The future trend of ML applications in the oil and gas industry looks promising. With the arrival of the internet of things and the automation of many of the oil and gas activates and the high reliance on data, it is possible to minimize risks and enhance productivity by integrating ML algorithms that are continuously trained and enhanced using the continuous flow of data. With the generation of large data in oil and gas industry, petroleum engineers and geoscientists must be exposed to big data handling techniques that are being developed in the AI domain. Making the most of the availability of data is something being addressed nowadays and will continue to be the trend for the future. Optimization cannot be reached without the utilization of the powerful capabilities of AI.

Concluding remarks

Based on the review of the literature and the authors’ work on the applications of AI in petroleum engineering, the following remarks can be made:

  • AI offers a huge potential in solving problems in almost all areas of the oil and gas industry involving prediction, classification, and clustering. Compared to other areas of engineering, petroleum engineering and geosciences have special relevance because of two important factors. Firstly, we deal with nature rather than man-made materials and processes. Variation in rocks, oil, and brine cannot be easily handled by any closed-form solution. The employment of numerical methods in such a situation is too cumbersome as well as unrealistic. Secondly, the amount of data produced every day from cores, logs, and seismic exploration in conventional reservoirs to multistage hydraulic fracturing in unconventional reservoirs is too huge to be interpreted properly using classical approaches.

  • The biggest challenge for researchers is to have access to laboratory and/or field data. Oil companies should come forward to share data in whatever secured form acceptable to benefit the literature from the enormous potential that AI is ready to offer.

  • With the arrival of the internet of things and the live relay of data from drilling and production facilities, it is possible to minimize risks and enhance production by integrating AI algorithms trained based on past data.

  • There is a degree of uncertainty in the data coming out from the laboratories, logs, or seismic data. The depth record of the samples on which the measurements are taken may not be exact due to depth shifts, and the log data may not exactly represent the property corresponding to that depth point as it involves the averaging of the properties of layers that are intersected within the logging sensors such as transmitters and receivers. Seismic data also averages vast volumes of rocks in a given block. As a result, a significant amount of data collected during the drilling operation is unreliable. Consequently, data cleaning and uncertainty quantification is another huge area that needs to be integrated with AI to develop realistic solutions to the problems.

  • The solution to a problem using AI is rarely guaranteed if one attempts to relate the input with the target data without a thorough understanding of the physics of the problem. The major challenge in this approach is setting up the problem so that the algorithm can easily connect input and the target data. Wherever possible, information from analytical models should be suitably used in the input data to help the AI model arrive at the solution efficiently and more quickly.

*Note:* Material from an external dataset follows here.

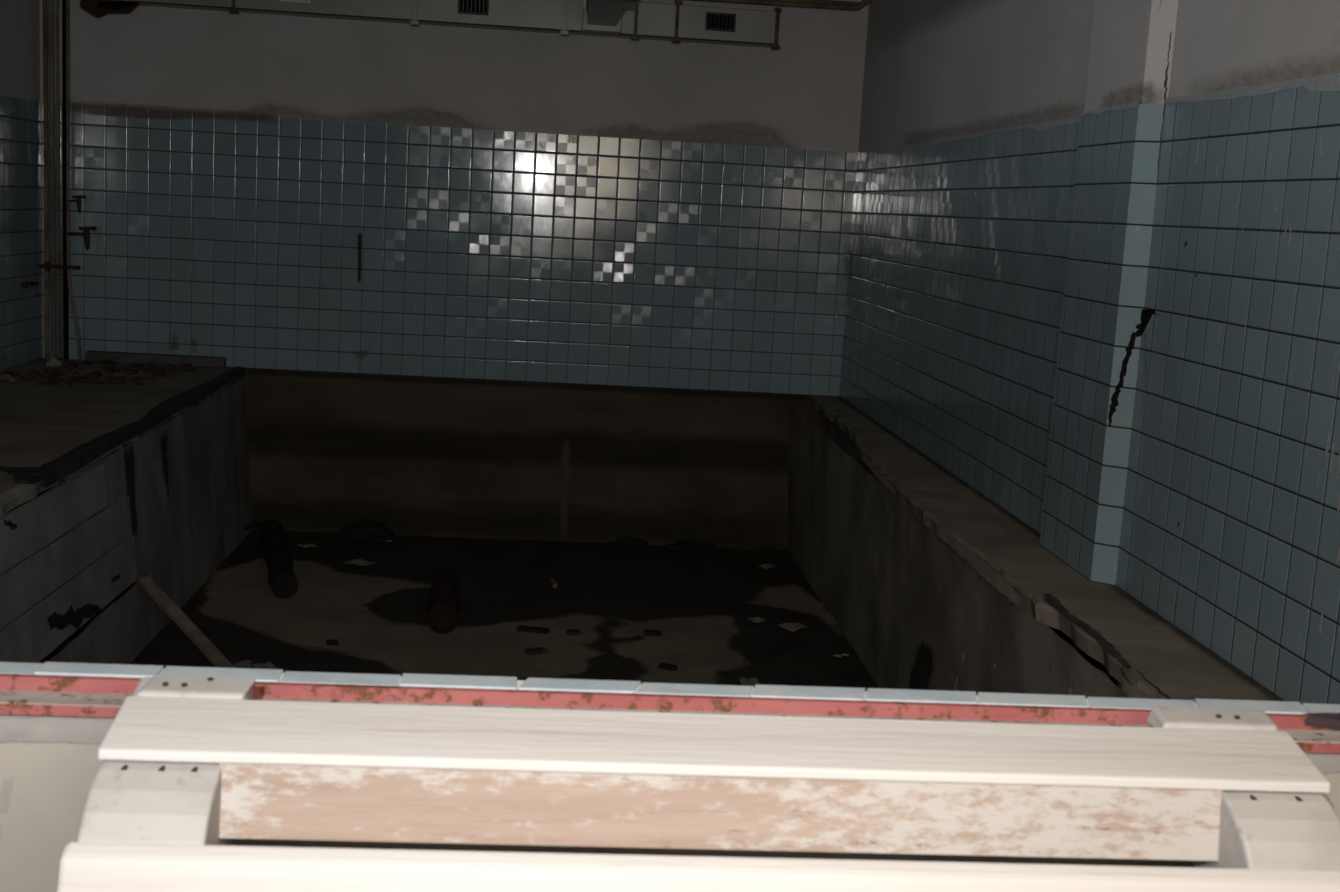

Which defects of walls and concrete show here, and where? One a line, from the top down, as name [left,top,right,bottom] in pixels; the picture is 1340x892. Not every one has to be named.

crack [1108,309,1160,427]

  • Problems involving the prediction of curves such as in viscosity-pressure curve in PVT data require extensive exploration of algebraic equations in addition to the understanding of the physics of the problem.

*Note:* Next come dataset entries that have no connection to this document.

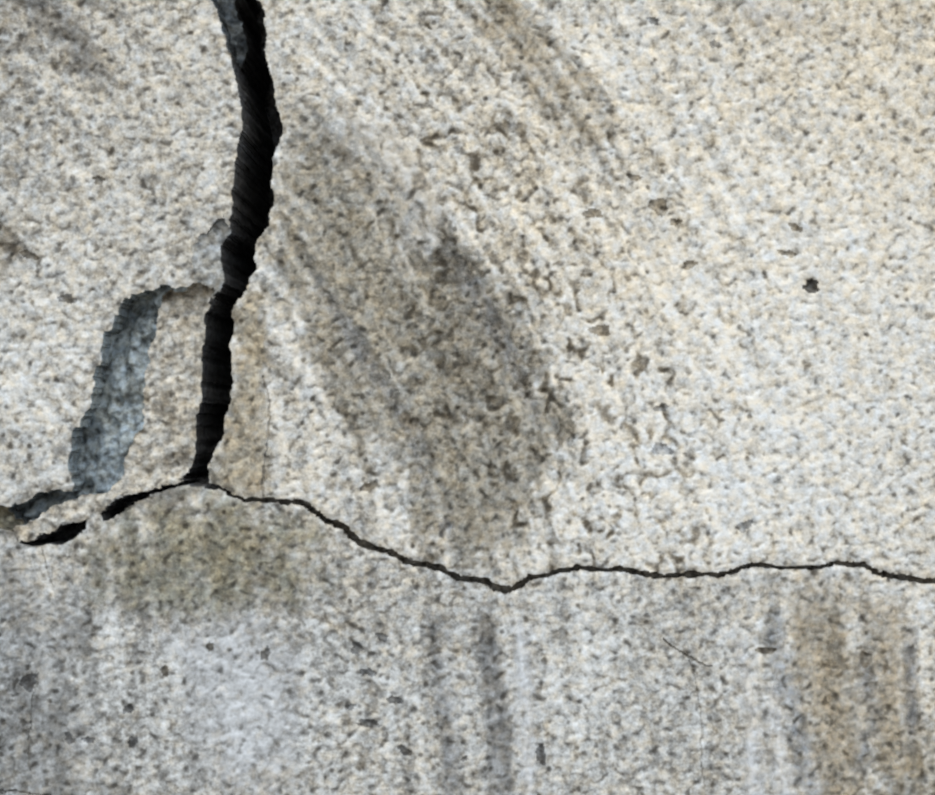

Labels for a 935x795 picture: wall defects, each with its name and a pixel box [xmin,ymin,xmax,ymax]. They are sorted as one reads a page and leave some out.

spalling [8,281,215,542]
crack [0,0,935,594]
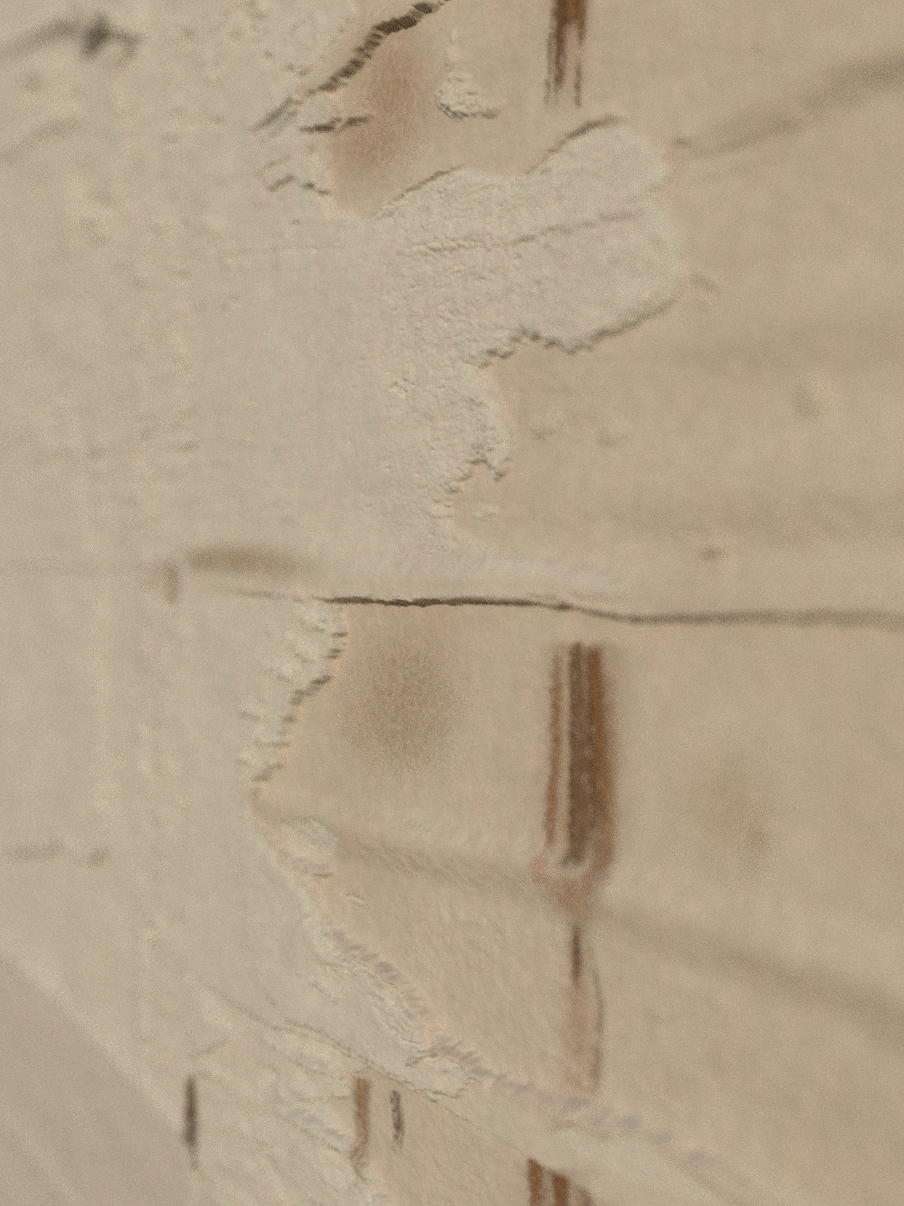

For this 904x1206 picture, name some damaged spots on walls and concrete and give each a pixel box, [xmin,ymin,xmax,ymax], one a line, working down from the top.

rust [554,0,586,102]
flaking render [182,89,692,559]
flaking render [235,589,352,800]
rust [546,644,611,879]
flaking render [182,969,389,1206]
rust [529,1159,567,1206]
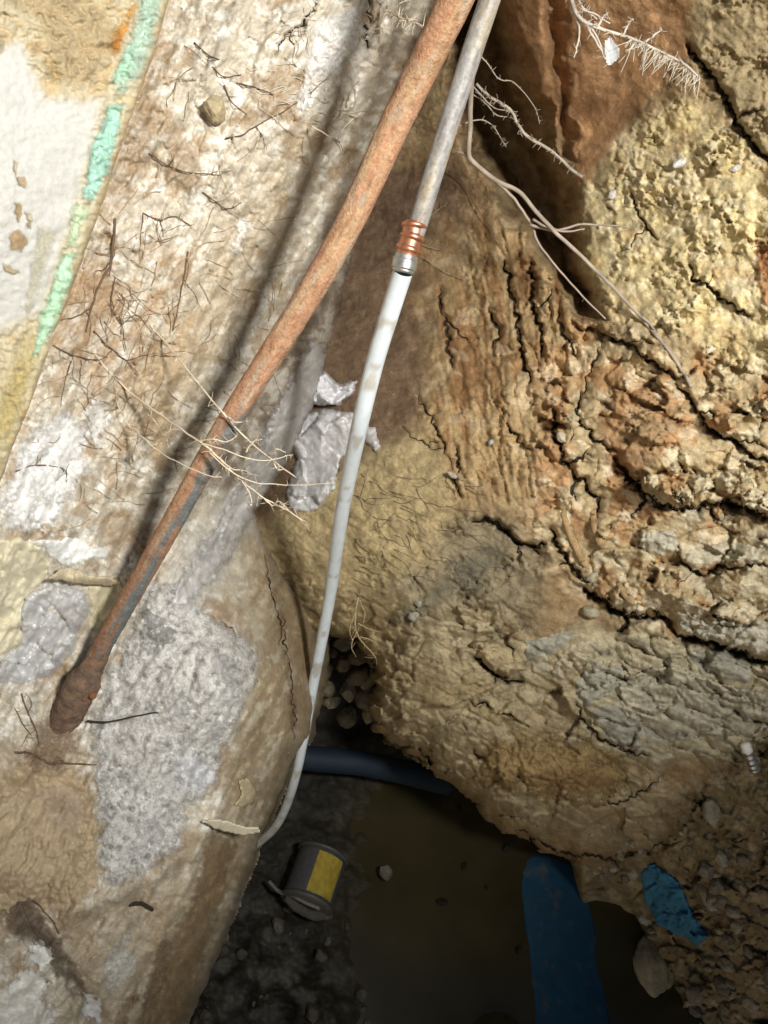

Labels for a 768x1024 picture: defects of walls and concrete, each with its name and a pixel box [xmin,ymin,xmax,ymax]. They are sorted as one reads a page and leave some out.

efflorescence [0,395,113,536]
spalling [90,581,260,885]
crack [264,555,298,740]

  • Challenges remain in AI tools, too, in overfitting, coincidence effect, overtraining, etc. It is hoped that researchers in soft computing will develop modified and/or new AI tools.

  • With the generation of huge data in petroleum engineering from cores to logs to seismic exploration, the petroleum engineers and geoscientists must be exposed to normal as well as big data handling techniques that are being developed in the AI domain. Exposure to AI tools should start right from their undergraduate education.